Awesome, Thank you very much. It looks like all that needs to be changed to mount it horizontally is to add brackets for the coil, but since I'm using this for heat only I'm good to go. :thumbsup:

Chuck


----------



## JohnH1 (Jan 9, 2009)

No problem.


----------



## tawnybill (Mar 8, 2009)

*Do you have the manuals for Freedom 80's?*



JohnH1 said:


> I have the install and users manuals. Can a pdf file be up loaded or attached to the message board.


Hi John,
If you could please forward the pdfs of these to me it would be greatly appreciated, I just can't seem to find them anywhere...

My e-mail is tawnybill at yahoo dot ca 
Thanks a Million!

Cheers,
Willy.


----------



## dcomputerman (Oct 3, 2009)

*Freedom 80 manual*

Hey John,

I could really use the manual as well.

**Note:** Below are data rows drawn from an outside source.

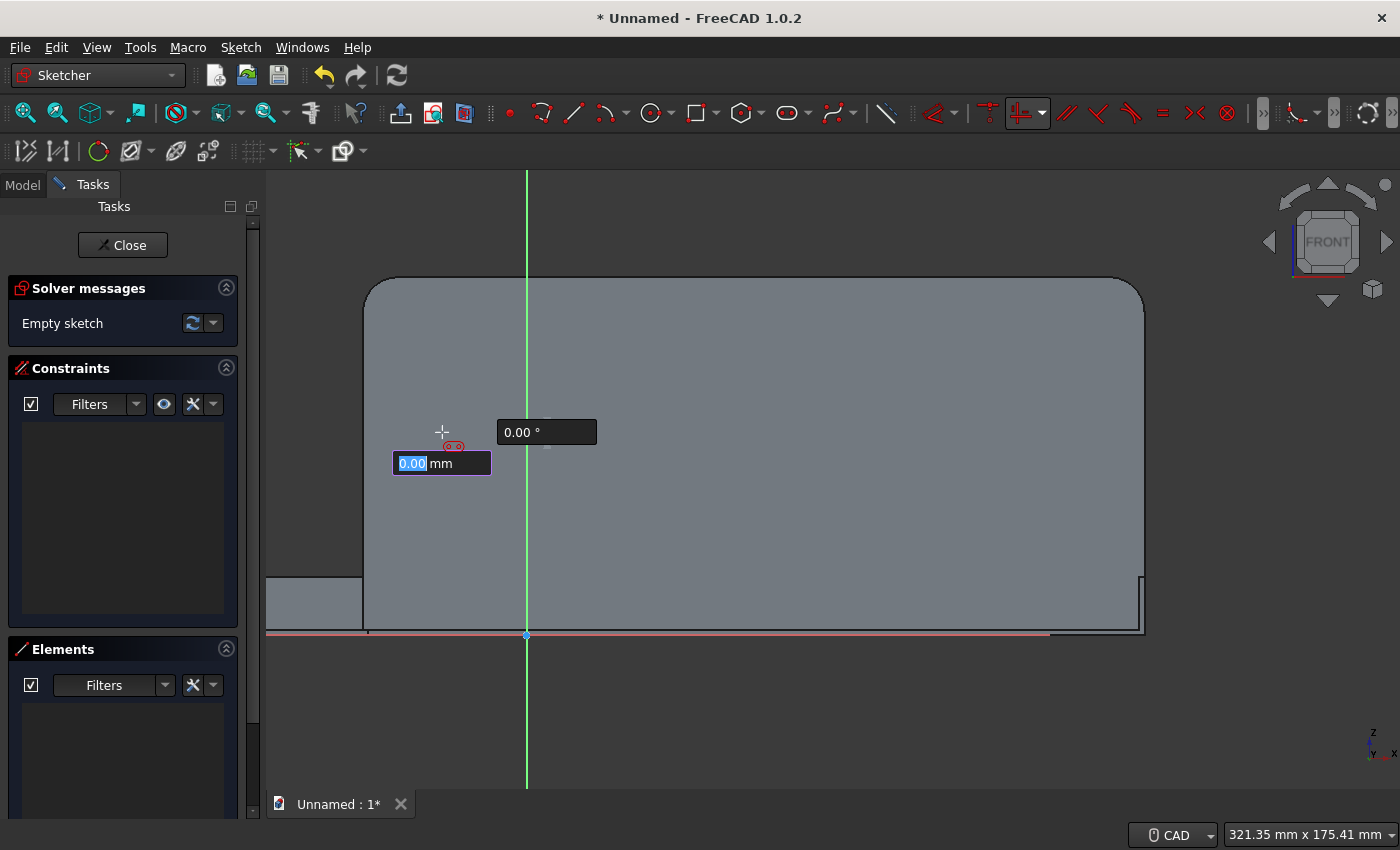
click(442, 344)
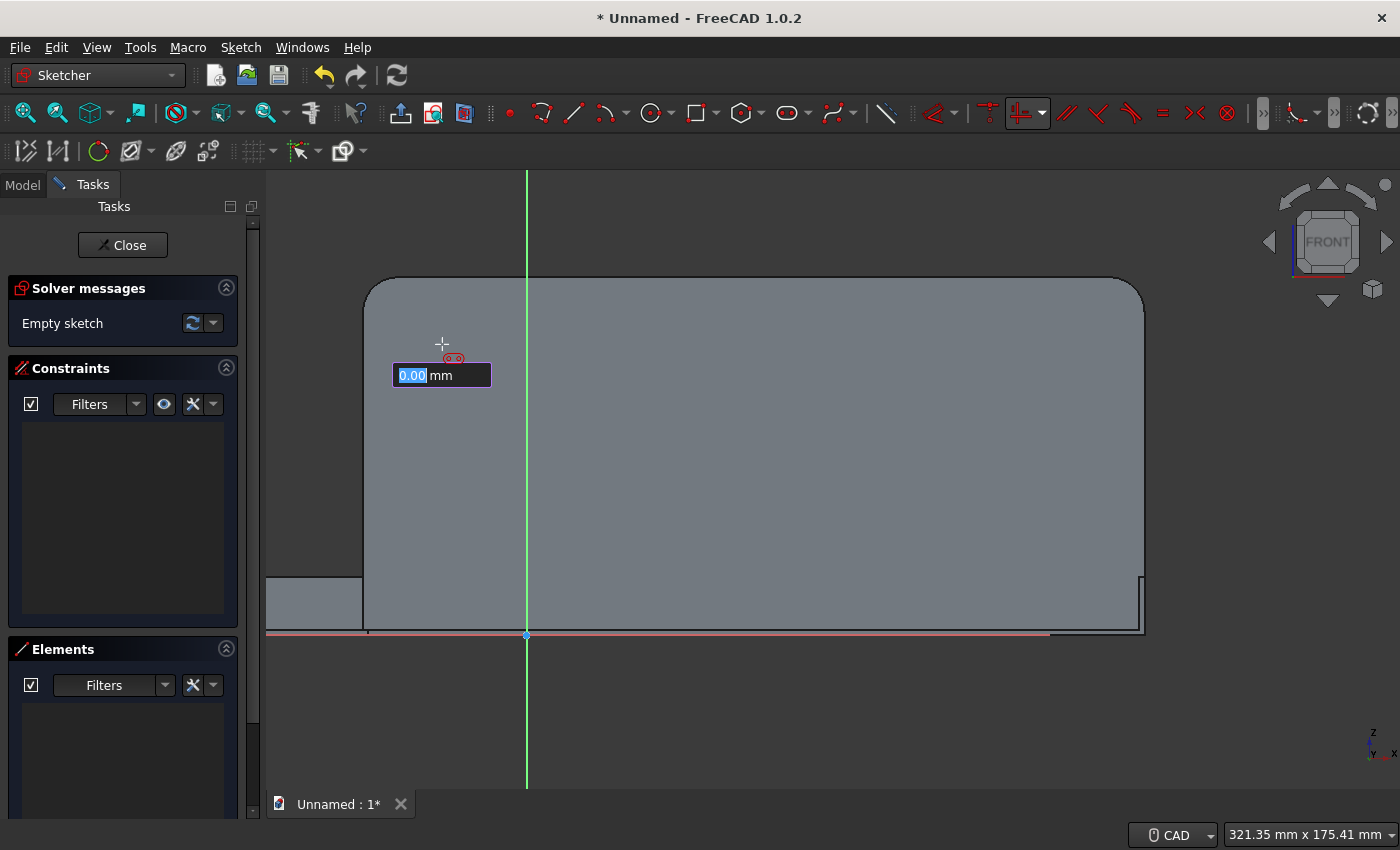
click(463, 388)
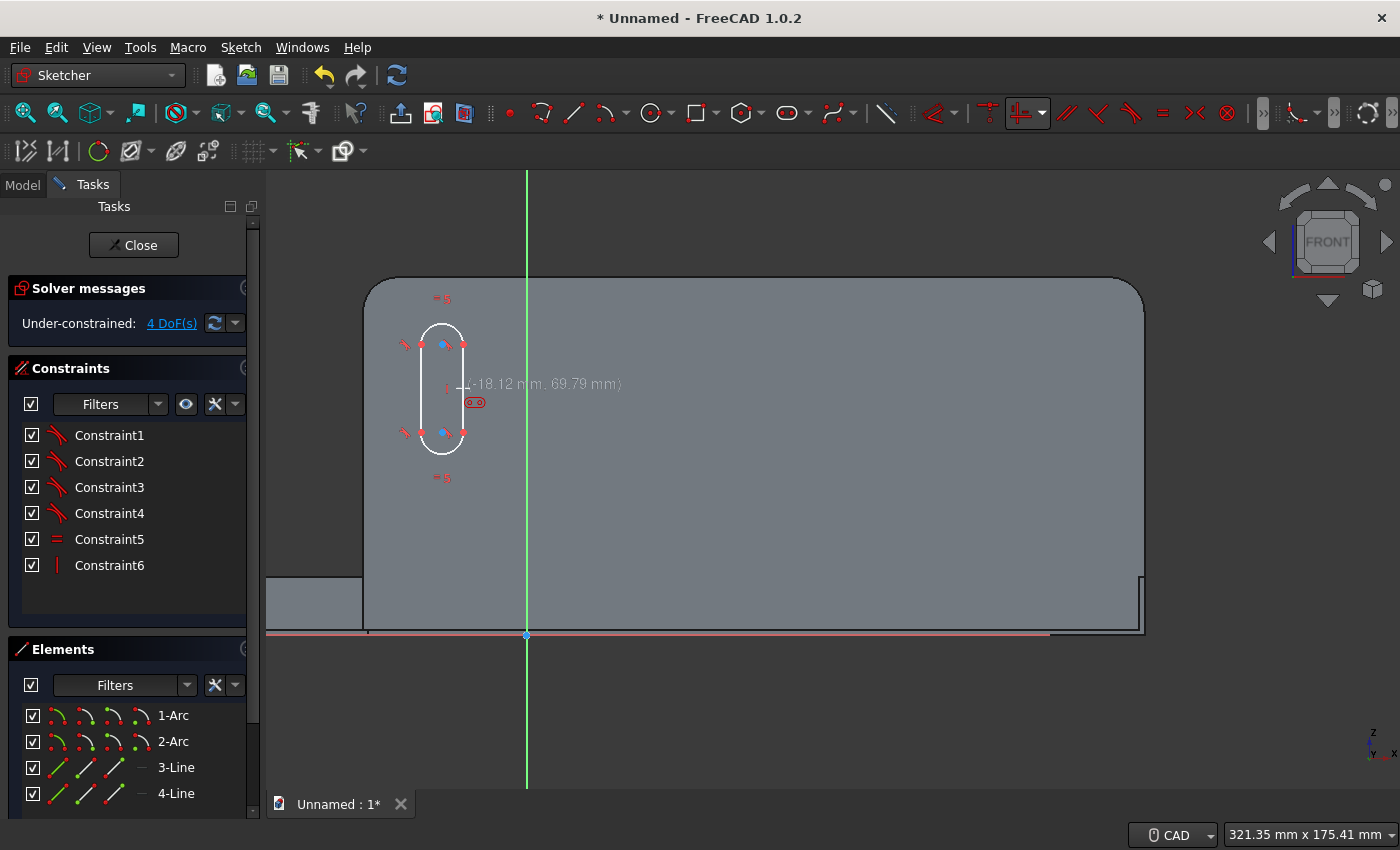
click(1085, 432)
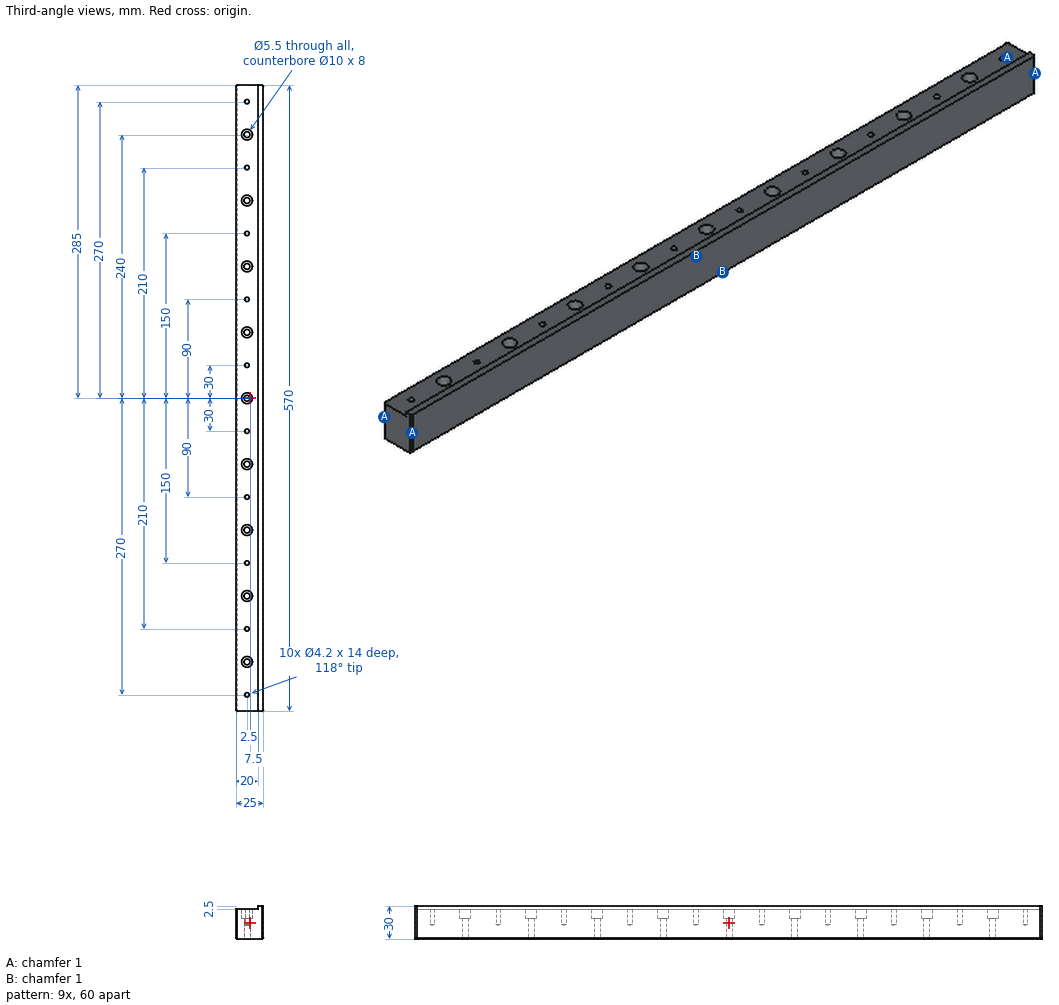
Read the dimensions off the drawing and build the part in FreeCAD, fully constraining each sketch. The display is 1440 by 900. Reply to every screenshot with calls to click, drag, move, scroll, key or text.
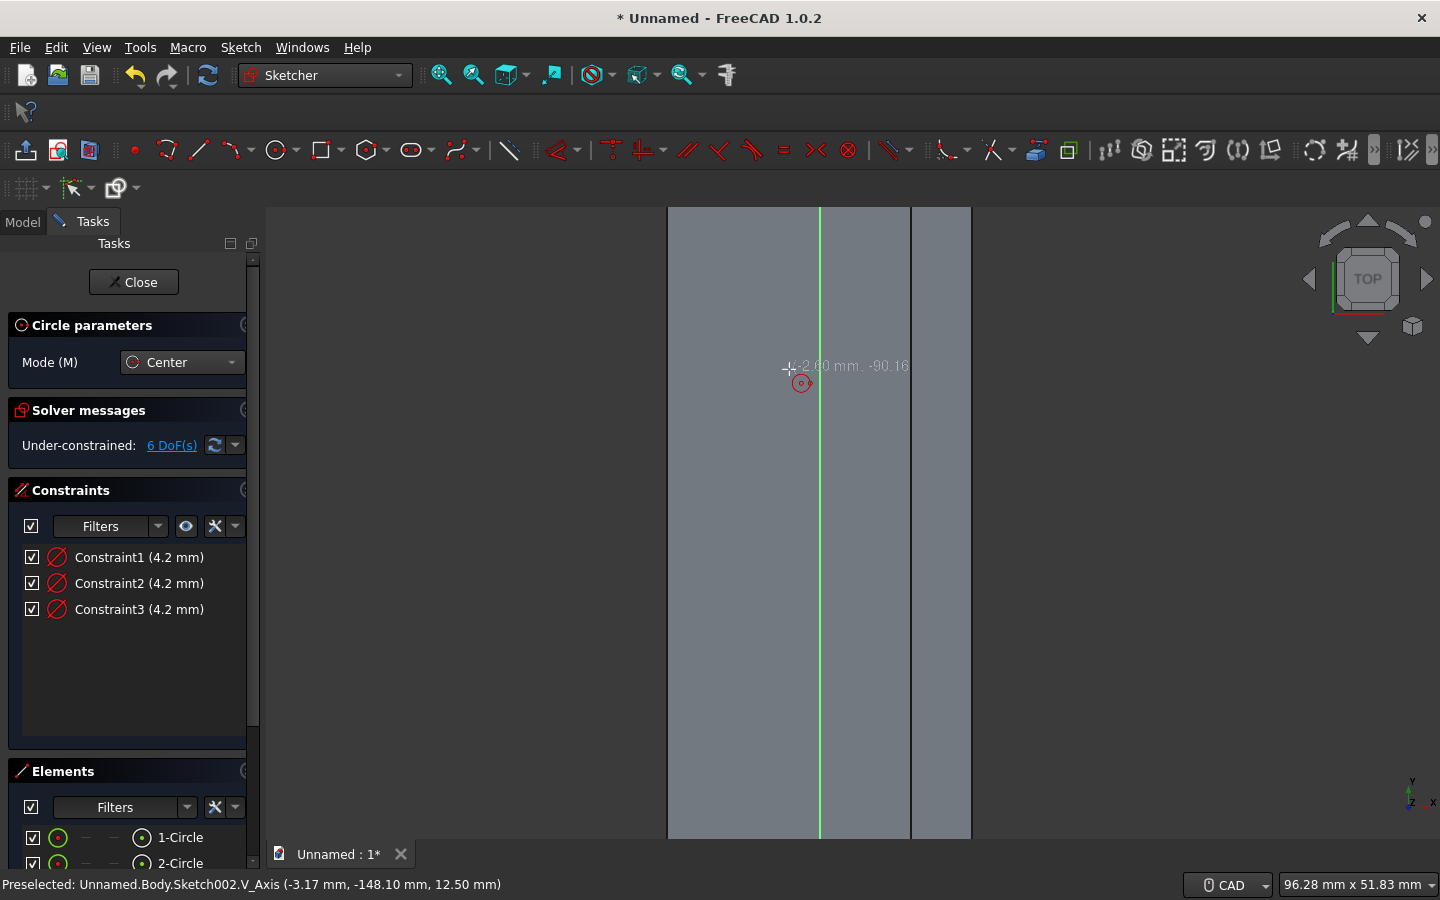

If you'd like, I'll post it online and link so it's available anytime without your intervention : ) 

Thanks,
Terry

dcomputerman*at*yahoo*dot*com


----------



## PRO-MECH (Nov 27, 2009)

Helo John,
If you would please forward one of the the pdfs of these to me it would be greatly appreciated, I just purchased a used FREEDOM 80
My e-mail is gborneman at cox dot net 
Thanks


----------



## casttree (Dec 28, 2009)

Hi John,

Thanks for your help to a lot of people. I also need the manual of Freedom 80 to find the place to replace the filter. 

Could you mail me a copy of manual for Freedom 80? My email address is [email protected].

Thanks a lot!


----------



## Benn (Feb 9, 2011)

*I'll post it*

John, I would also like a copy. If you email it to me, I'll put up on my website
http://brss.us/freedom80

Note: he did send it to me, and it's up there but please use brss.us/freedom80 without the pdf extension -Ben


----------